COVID-19 has continued to spread in the United States and globally. Closely monitoring public engagement and perceptions of COVID-19 and preventive measures using social media data could provide important information for understanding the progress of current interventions and planning future programs.

Objective

The aim of this study is to measure the public’s behaviors and perceptions regarding COVID-19 and its effects on daily life during 5 months of the pandemic.

Methods

Natural language processing (NLP) algorithms were used to identify COVID-19–related and unrelated topics in over 300 million online data sources from June 15 to November 15, 2020. Posts in the sample were geotagged by NetBase, a third-party data provider, and sensitivity and positive predictive value were both calculated to validate the classification of posts.
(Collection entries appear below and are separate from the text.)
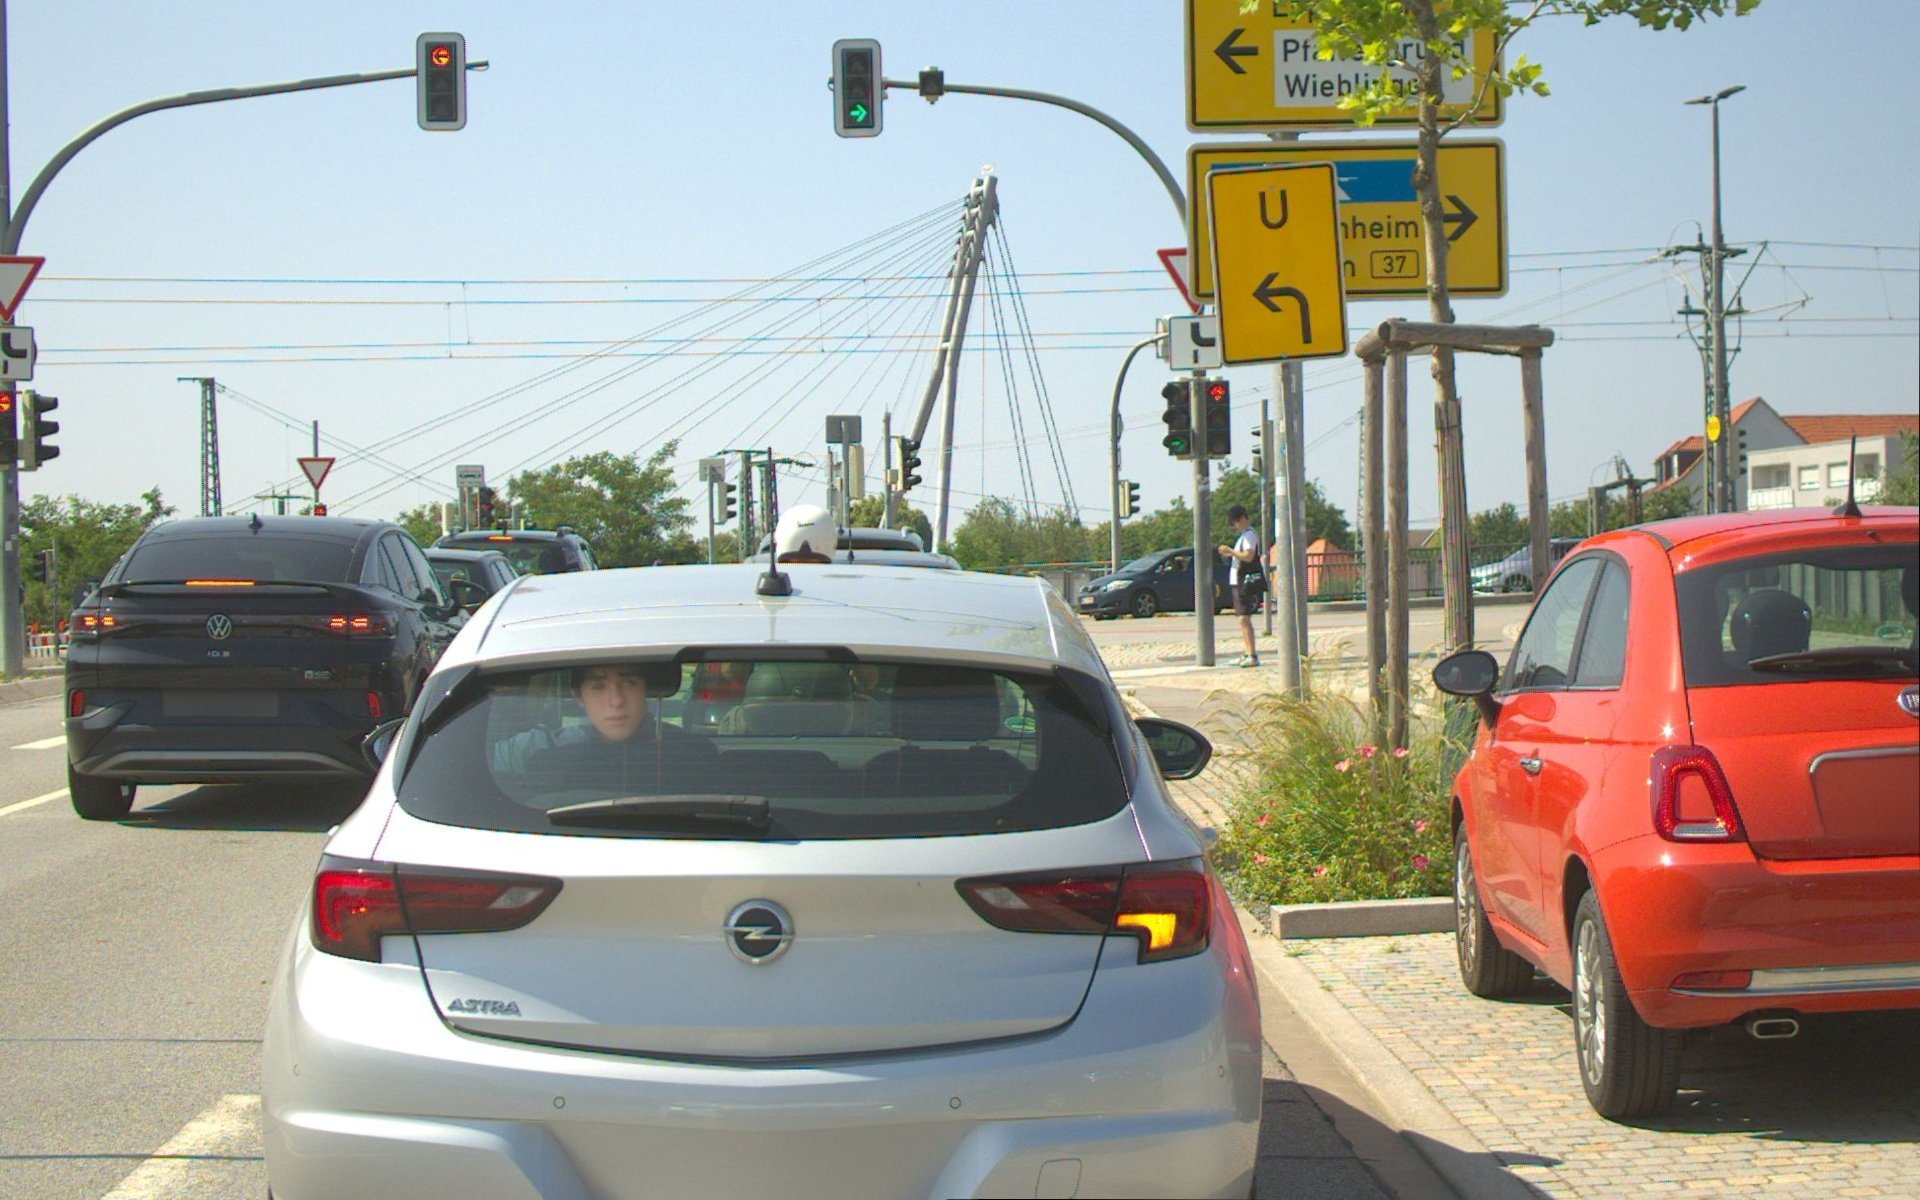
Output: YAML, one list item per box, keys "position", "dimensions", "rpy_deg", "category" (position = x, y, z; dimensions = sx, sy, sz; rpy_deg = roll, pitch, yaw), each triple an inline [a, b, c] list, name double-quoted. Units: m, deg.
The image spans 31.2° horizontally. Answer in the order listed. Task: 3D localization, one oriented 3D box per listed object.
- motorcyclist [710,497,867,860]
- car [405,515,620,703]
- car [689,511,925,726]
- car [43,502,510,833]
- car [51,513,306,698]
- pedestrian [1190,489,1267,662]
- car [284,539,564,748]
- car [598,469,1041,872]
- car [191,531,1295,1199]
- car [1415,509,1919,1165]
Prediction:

Each post may have included discussion of multiple topics. The prevalence of discussion regarding these topics was measured over this time period and compared to daily case rates in the United States.

Results

The final sample size included 9,065,733 posts, 70% of which were sourced from the United States. In October and November, discussion including mentions of COVID-19 and related health behaviors did not increase as it had from June to September, despite an increase in COVID-19 daily cases in the United States beginning in October. Additionally, discussion was more focused on daily life topics (n=6,210,255, 69%), compared with COVID-19 in general (n=3,390,139, 37%) and COVID-19 public health measures (n=1,836,200, 20%).

Conclusions

There was a decline in COVID-19–related social media discussion sourced mainly from the United States, even as COVID-19 cases in the United States increased to the highest rate since the beginning of the pandemic. Targeted public health messaging may be needed to ensure engagement in public health prevention measures as global vaccination efforts continue.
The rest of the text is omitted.